El terremoto se sintió en toda la península ibérica. En Cádiz el obispo se sacaría un as marcado de la sotana, para aducir que si no había habido más dolo en la ciudad era por la intercesión de un tal san Emygdio, habilitándolo de esta manera como santo protector frente a los terremotos. Por entonces, transcurría la juventud de un fraile capuchino, de una orden menor, de aquellas que cultivaban la fe de los sencillos, o sea las creencias más directas y elementales. El impacto de aquel temblor de tierra quedó marcado en él, y cuando en años posteriores ya era conocido por fray Diego José de Cádiz, y tenía fama de santo varón, atacaba en sus prédicas, con oratoria contundente, a “políticos, estadistas, filósofos y libertinos” como origen del mal que desembocaba en las catástrofes naturales. Durante su prédica por los templos de la ciudad, y recorriendo el circundante medio rural, hizo ver que aquel flagelo era un castigo divino. Esta idea simple, de orígenes medievales, había dado lugar en el siglo XVI a las danzas de la muerte, de gran belleza estética, que de manera magistral había retratado Holbein el joven, mientras que Durero representó a la catástrofe como los cuatro jinetes del Apocalipsis. El discurso iconográfico que durante siglos se repetía en todos los lugares de centro y norte de Europa, tras cualquier catástrofe como la peste negra, ahora volvía a tener eco en las almas sencillas de los gaditanos con la prédica encendida del fray Diego, pero sin dar lugar a ningún movimiento mesiánico.

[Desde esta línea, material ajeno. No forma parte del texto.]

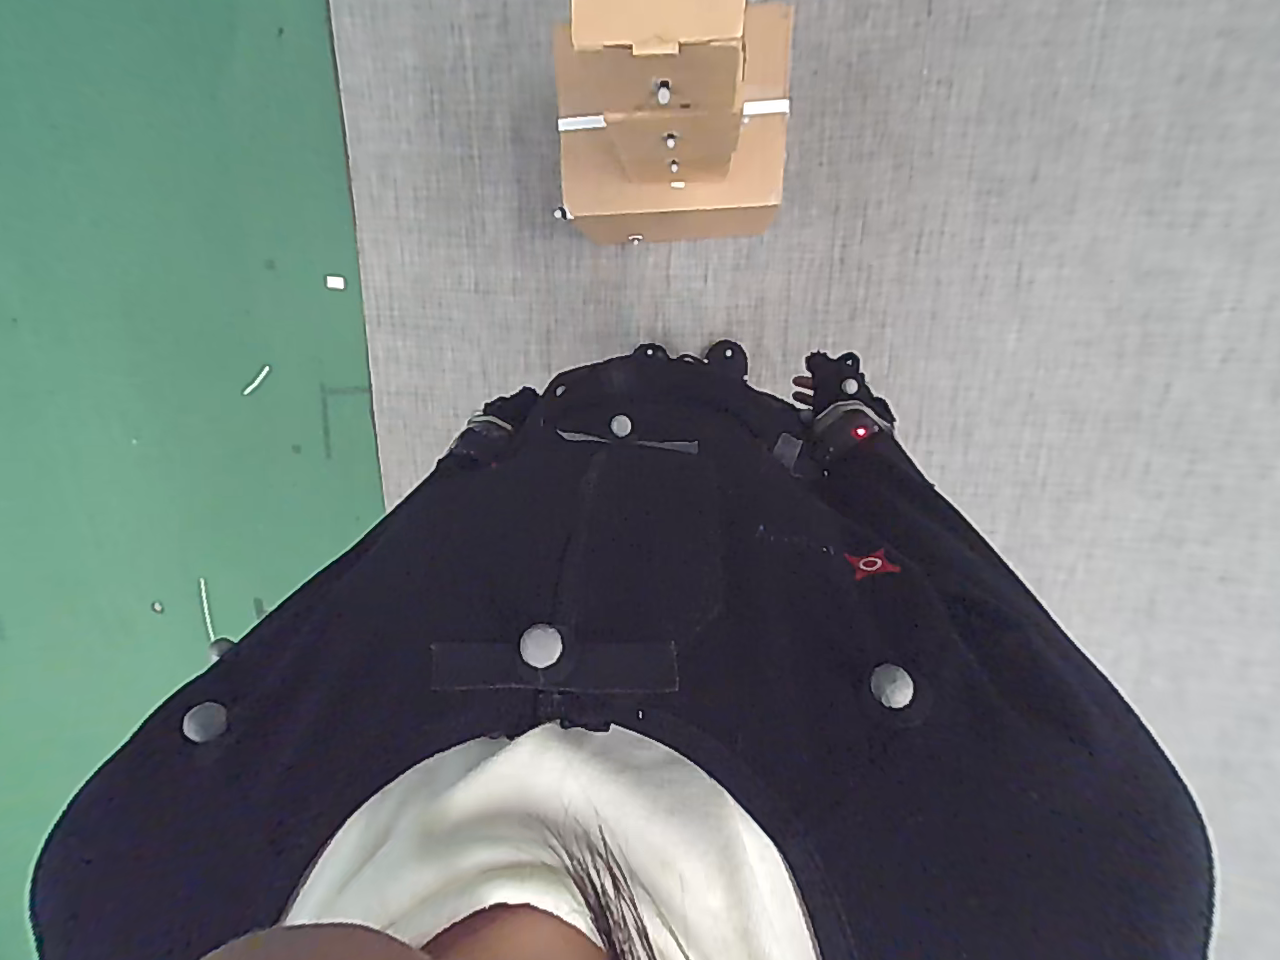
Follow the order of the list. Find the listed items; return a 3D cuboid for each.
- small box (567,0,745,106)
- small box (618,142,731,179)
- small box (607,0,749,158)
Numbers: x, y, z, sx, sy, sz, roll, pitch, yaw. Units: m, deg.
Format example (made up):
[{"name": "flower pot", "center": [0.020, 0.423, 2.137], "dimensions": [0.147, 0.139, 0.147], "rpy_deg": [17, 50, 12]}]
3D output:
[{"name": "small box", "center": [0.026, -0.516, 0.565], "dimensions": [0.168, 0.176, 0.179], "rpy_deg": [5, 107, 7]}, {"name": "small box", "center": [0.063, -0.601, 0.879], "dimensions": [0.179, 0.176, 0.168], "rpy_deg": [2, 107, 6]}, {"name": "small box", "center": [0.049, -0.551, 0.724], "dimensions": [0.179, 0.176, 0.168], "rpy_deg": [-2, 106, 7]}]
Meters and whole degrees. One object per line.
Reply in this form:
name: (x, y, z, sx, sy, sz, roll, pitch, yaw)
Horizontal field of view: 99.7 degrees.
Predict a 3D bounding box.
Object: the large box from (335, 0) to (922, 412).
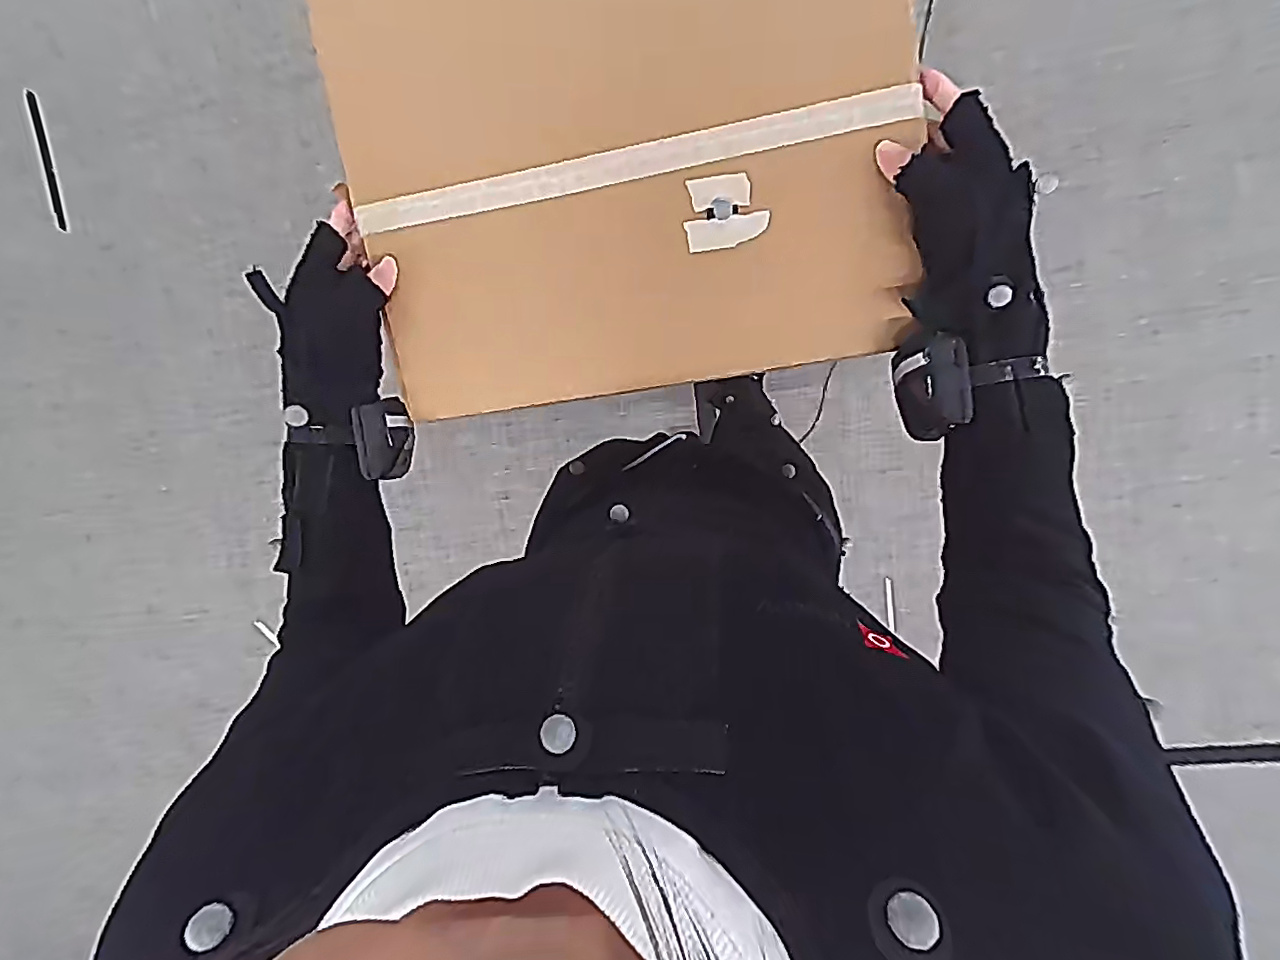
large box: (0.005, -0.263, 0.544, 0.408, 0.320, 0.320, -8, 102, 8)
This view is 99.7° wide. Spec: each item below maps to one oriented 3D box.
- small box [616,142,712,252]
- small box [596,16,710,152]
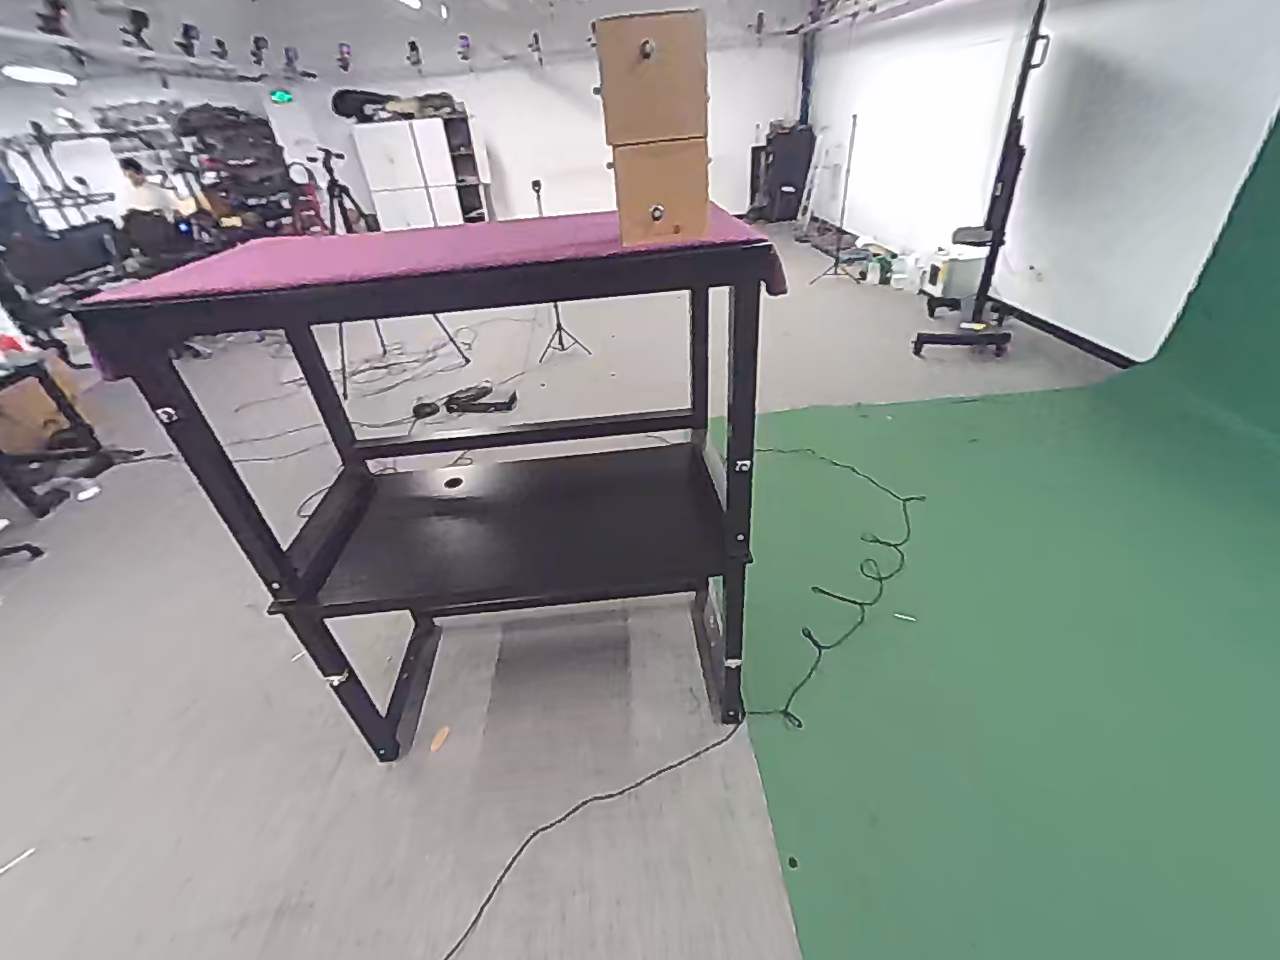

Quizás porque los habitantes de la península ibérica, y su catolicismo en particular, han sido mucho más racionales de lo que se nos ha querido hacer ver, la respuesta a aquel desastre natural fue una reacción ilustrada en Portugal, que llevó a la reconstrucción de Lisboa, bajo el dictado del marqués de Pombal, considerado por muchos predicadores como un incrédulo y un ateo. Se manejaron varios proyectos de reconstrucción, y triunfó el racionalismo. Y lo que es más importante: tampoco se produjo allí ningún movimiento milenarista notable, como los que tantas veces habían arraigado en centro Europa.
Así pues, los ilustrados comenzaron a promover la observación de la naturaleza, siguiendo los dictados de filósofos como Leibniz. Hoy día visitar el observatorio de Palermo, de orígenes masónicos, situado sobre el viejo palacio normando constituye una experiencia del triunfo de la razón sobre las adversidades. De la misma manera, una orden religiosa estrictamente ibérica, como la Compañía de Jesús, comenzó en el siglo siguiente, en el XIX, a abrir observatorios astronómicos y a registrar los movimientos naturales con precisión. Desde Madrid, a Lisboa, desde La Habana hasta Filipinas, etc. los observatorios y los registros jesuíticos de tifones, terremotos, etc. se incrementaron.
Gracias a esta disposición histórica racionalista de los pueblos ibéricos y latinos, que ejemplifica el día después del terremoto de Lisboa de 1755, no puede la Europa de hoy, con motivo del flagelo de la Covip-19, culpabilizar al Sur, y a sus imprevisiones e indolencias, ya que el estudio de las catástrofes naturales fue un tema que atravesó toda Europa en su conjunto, y muy notablemente comprometió al sur del continente. Entonces como ahora.
José Antonio González Alcantud es catedrático de antropología social de la Universidad de Granada y académico correspondiente de la Real Academia de Ciencias Morales y Políticas. Premio Giuseppe Cocchiara 2019 a los estudios antropológicos.